E-Mobilität in Deutschland: „Es bleibt eine Herkules-Aufgabe“

VW gilt hierzulande als weit vorn in Sachen E-Mobilität. Vorstöße aus USA und China setzen den Autobauer aber stark unter Druck, sagt Experte Stefan Bratzel.

Ein Mensch arbeitet an einem Elektromotor für ein Auto.

Vermeintliche Allerweltsteile wie Chips können zum Problem werden: VW-Produktion in Zwickau Foto: Teresa Kröger/imago

taz: Herr Bratzel, der Autokonzern VW gilt hierzulande eigentlich­ als Vorreiter in der E-Mobilität. Aber selbst VW sagt, sie seien spät dran. Droht die deutsche Autoindustrie den Anschluss an Konkurrenten aus anderen Ländern zu ­verlieren?

Stefan Bratzel: Nun, China hat mit Sicherheit den größten E-Auto-Markt der Welt. Einige der Player werden schrittweise versuchen, in Europa gegen den Marktführer Volkswagen anzutreten. Und das wird ein harter Kampf. Die Chinesen arbeiten einfach deutlich länger an dem Thema E-Mobilität und sind bei der Entwicklung technischer Innovationen sehr schnell.

ist Gründer und Direktor des Center of Automotive Management (CAM) in Bergisch Gladbach. Als Automobilexperte ist er an diversen Publikationen und Studien beteiligt.

Können VW und die deutsche Autoindustrie beim vom Bundesverkehrsminister ausgerufenen „Hochlauf der E-Mobilität“ in dieser Wettbewerbslage überhaupt noch eine entscheidende Rolle spielen?

Im Unterschied zu noch vor ein paar Jahren haben die Autobauer beim Thema Elektromobilität dazugelernt und arbeiten mittlerweile intensiv daran, dass die Autos auch auf die Straße kommen. Jetzt geht es tatsächlich darum, möglichst schnell die Produktpalette zu erweitern und die Kosten für die Batterien möglichst schnell zu reduzieren. Da hängen wir gerade zu stark vom Weltmarkt ab.

Nach den USA mit dem sogenannten Inflation Reduction Act hat nun auch China angekündigt, eine dreistellige Milliardenhöhe in grüne Technologien zu investieren. Kommt es gerade zu einem Subventionswettlauf bei der E-Mobilität?

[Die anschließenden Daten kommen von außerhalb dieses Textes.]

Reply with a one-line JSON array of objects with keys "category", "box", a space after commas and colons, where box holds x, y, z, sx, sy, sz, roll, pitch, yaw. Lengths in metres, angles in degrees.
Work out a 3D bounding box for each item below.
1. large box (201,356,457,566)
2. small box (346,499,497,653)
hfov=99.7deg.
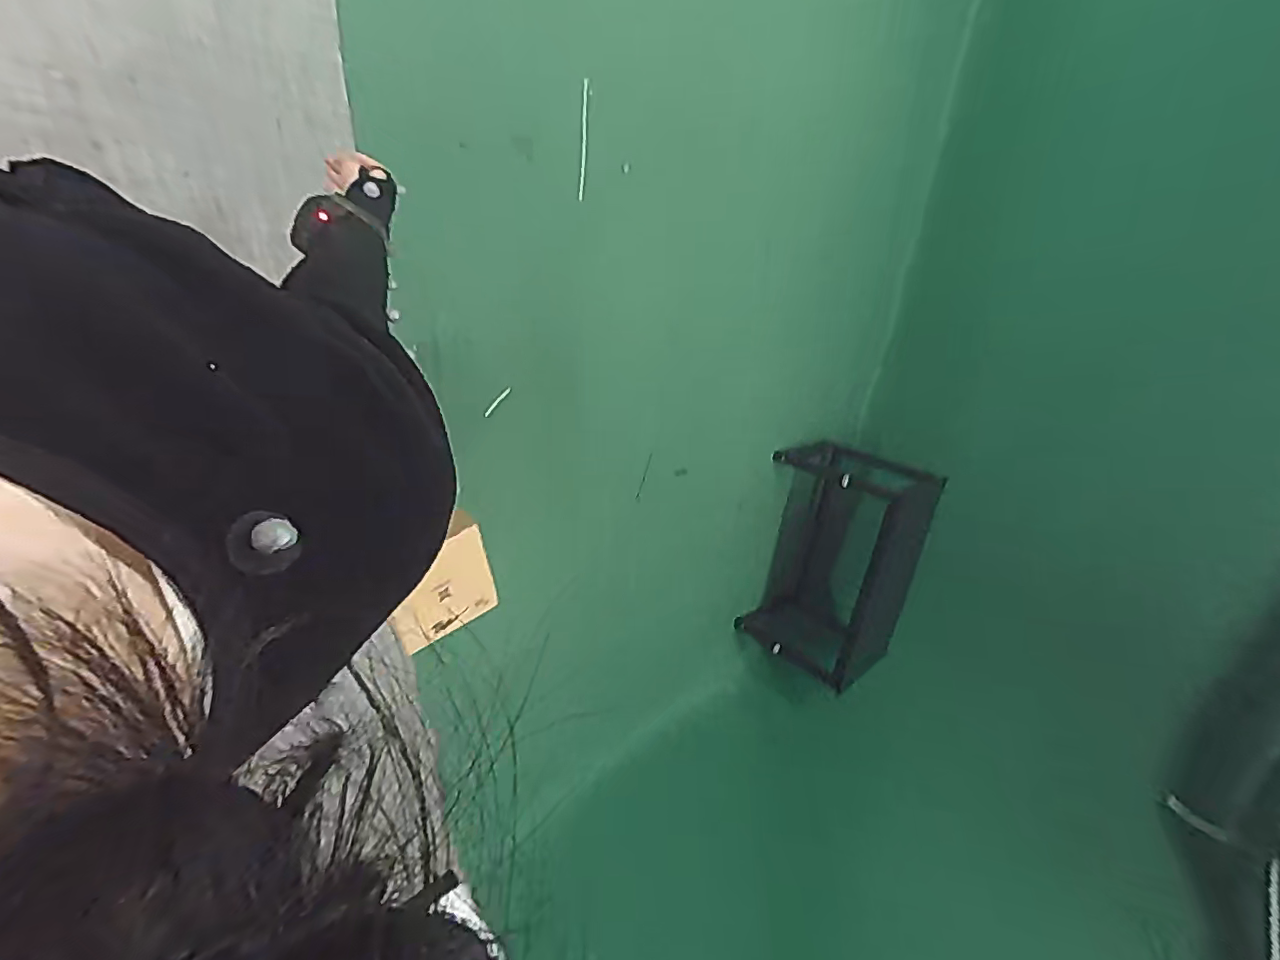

Tja, das ist eine gute Frage. Wirtschaftsminister Robert Habeck ist in dieser Sache ja auch gerade dieser Tage unterwegs. Erst mal ist es natürlich positiv, dass die Transformation in Richtung Elektromobilität massiv vorangetrieben wird – weltwirtschaftlich betrachtet und auch fürs Klima. Es birgt aber auch eine Bedrohungslage. Und es ist ein Problem, wenn Batteriezellwerke jetzt nicht mehr in Deutschland bauen, sondern wegen der Subventionen tendenziell in Richtung Amerika blicken.

Der schwedische Konzern Northvolt hatte eigentlich geplant, ein Batteriewerk in Schleswig-Holstein zu bauen.

Ja, und wir brauchen in Europa dringend diese Kompetenzen und Kapazitäten, um nicht von China beziehungsweise Asien oder anderen Ländern abhängig zu sein. Man hat hier viel zu lang gedacht, Batterien und auch Chips seien so Allerweltsteile, die man überall einkaufen könnte. Da müssen wir aufpassen und reagieren.

Gerade haben auch die Autobauer Nissan und Renault angekündigt, in der E-Mobilität künftig stärker zusammen­zuarbeiten. Eine zusätzliche Konkurrenzsituation für VW und andere deutsche Autobauer?

Renault und Nissan waren durchaus mal Marktführer beim Thema Elektromobilität. Aber in den letzten Jahren ist da zu wenig passiert. Wenn sie nun gemeinsam an einem Strang ziehen und aus der Krise kommen, könnte das in den kommenden Jahren aber auch für ein Unternehmen wie Volkswagen zu mehr relevantem Wettbewerb führen.

Auch die EU-Kommission möchte ja die Regeln für Staatshilfen lockern, damit hier in Zukunft ebenfalls schneller Geld in grüne Technologien und die E-Mobilität fließen kann. Ist das der richtige Schritt?

Ja, aber einfach viel zu spät, und auch von der Intensität her ist das Vorhaben der EU viel zu schwachbrüstig. Man hat in Deutschland wirklich lange geschlafen. Andere Länder haben sich längst Rohstoffpartnerschaften aufgebaut. Da müssen die Bundesregierung und die EU noch viel stärker werden. Und auch für VW bleibt das Thema Elektromobilität eine Herkules-Aufgabe.